▶ [Information given]
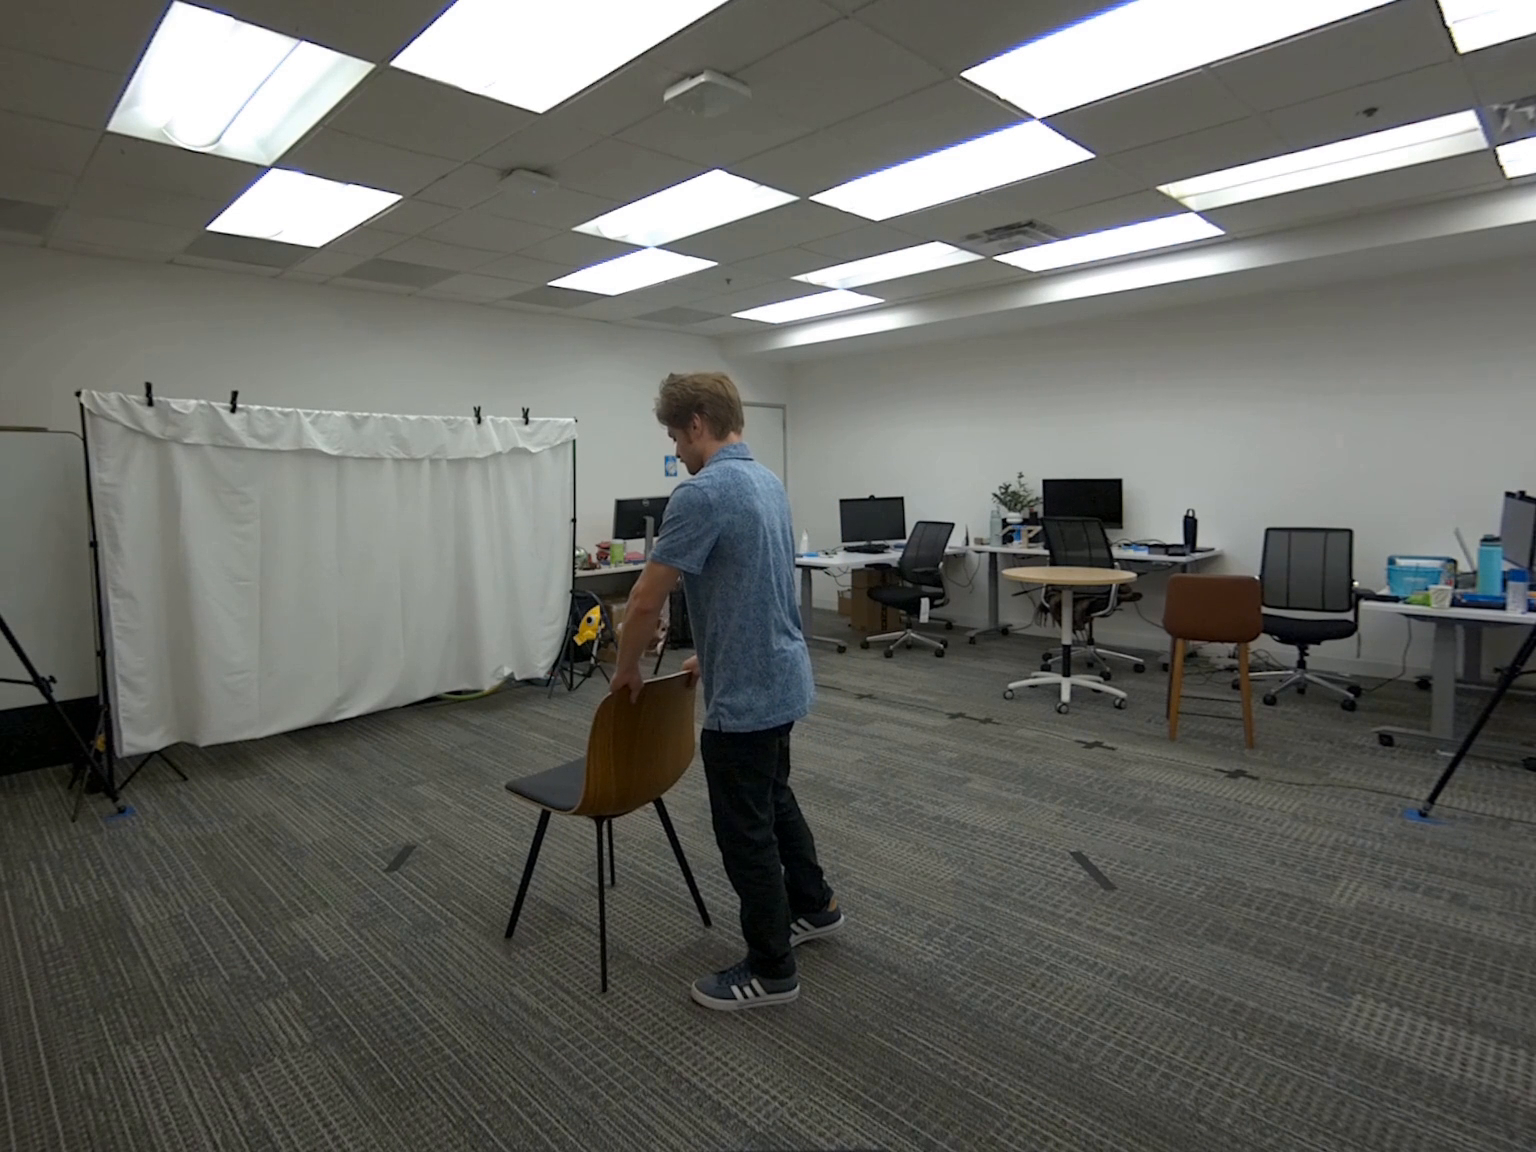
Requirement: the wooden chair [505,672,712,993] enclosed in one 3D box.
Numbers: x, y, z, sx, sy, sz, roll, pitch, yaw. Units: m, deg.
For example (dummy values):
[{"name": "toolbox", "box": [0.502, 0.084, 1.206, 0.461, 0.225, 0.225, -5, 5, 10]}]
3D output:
[{"name": "wooden chair", "box": [-0.502, 0.678, 2.620, 0.540, 0.872, 0.466, 8, 10, 38]}]
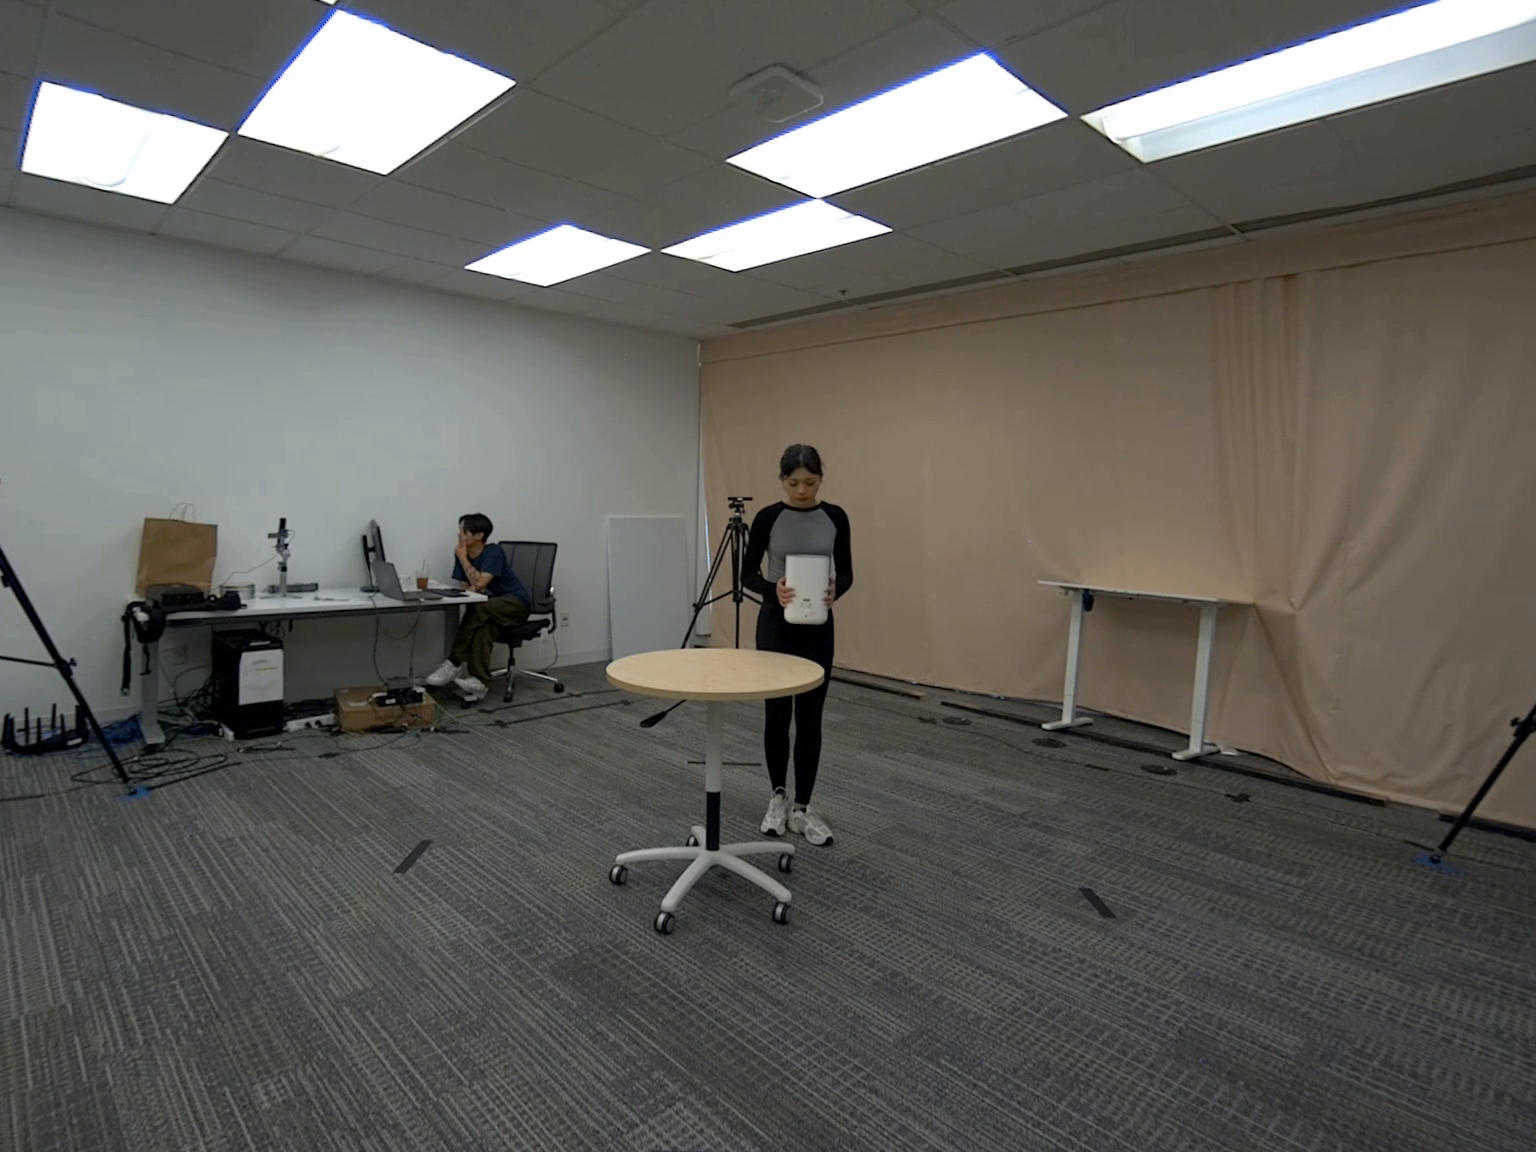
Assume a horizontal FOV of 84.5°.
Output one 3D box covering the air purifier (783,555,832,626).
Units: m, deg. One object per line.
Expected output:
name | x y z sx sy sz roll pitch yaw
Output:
air purifier | 0.144 0.052 3.327 0.171 0.265 0.171 1 2 1

▶ [Action item]
Except for the pictures, return every line of the material exactly.

▶ [Answer section]
Requirement: the wooden chair [505,672,712,993] enclosed in one 3D box.
Numbers: x, y, z, sx, sy, sz, roll, pitch, yaw. Units: m, deg.
For example (dummy values):
[{"name": "toolbox", "box": [0.502, 0.084, 1.206, 0.461, 0.225, 0.225, -5, 5, 10]}]
3D output:
[{"name": "wooden chair", "box": [-0.502, 0.678, 2.620, 0.540, 0.872, 0.466, 8, 10, 38]}]
Assume a horizontal FOV of 84.5°.
Output one 3D box covering the air purifier (783,555,832,626).
Units: m, deg. One object per line.
Expected output:
name | x y z sx sy sz roll pitch yaw
Output:
air purifier | 0.144 0.052 3.327 0.171 0.265 0.171 1 2 1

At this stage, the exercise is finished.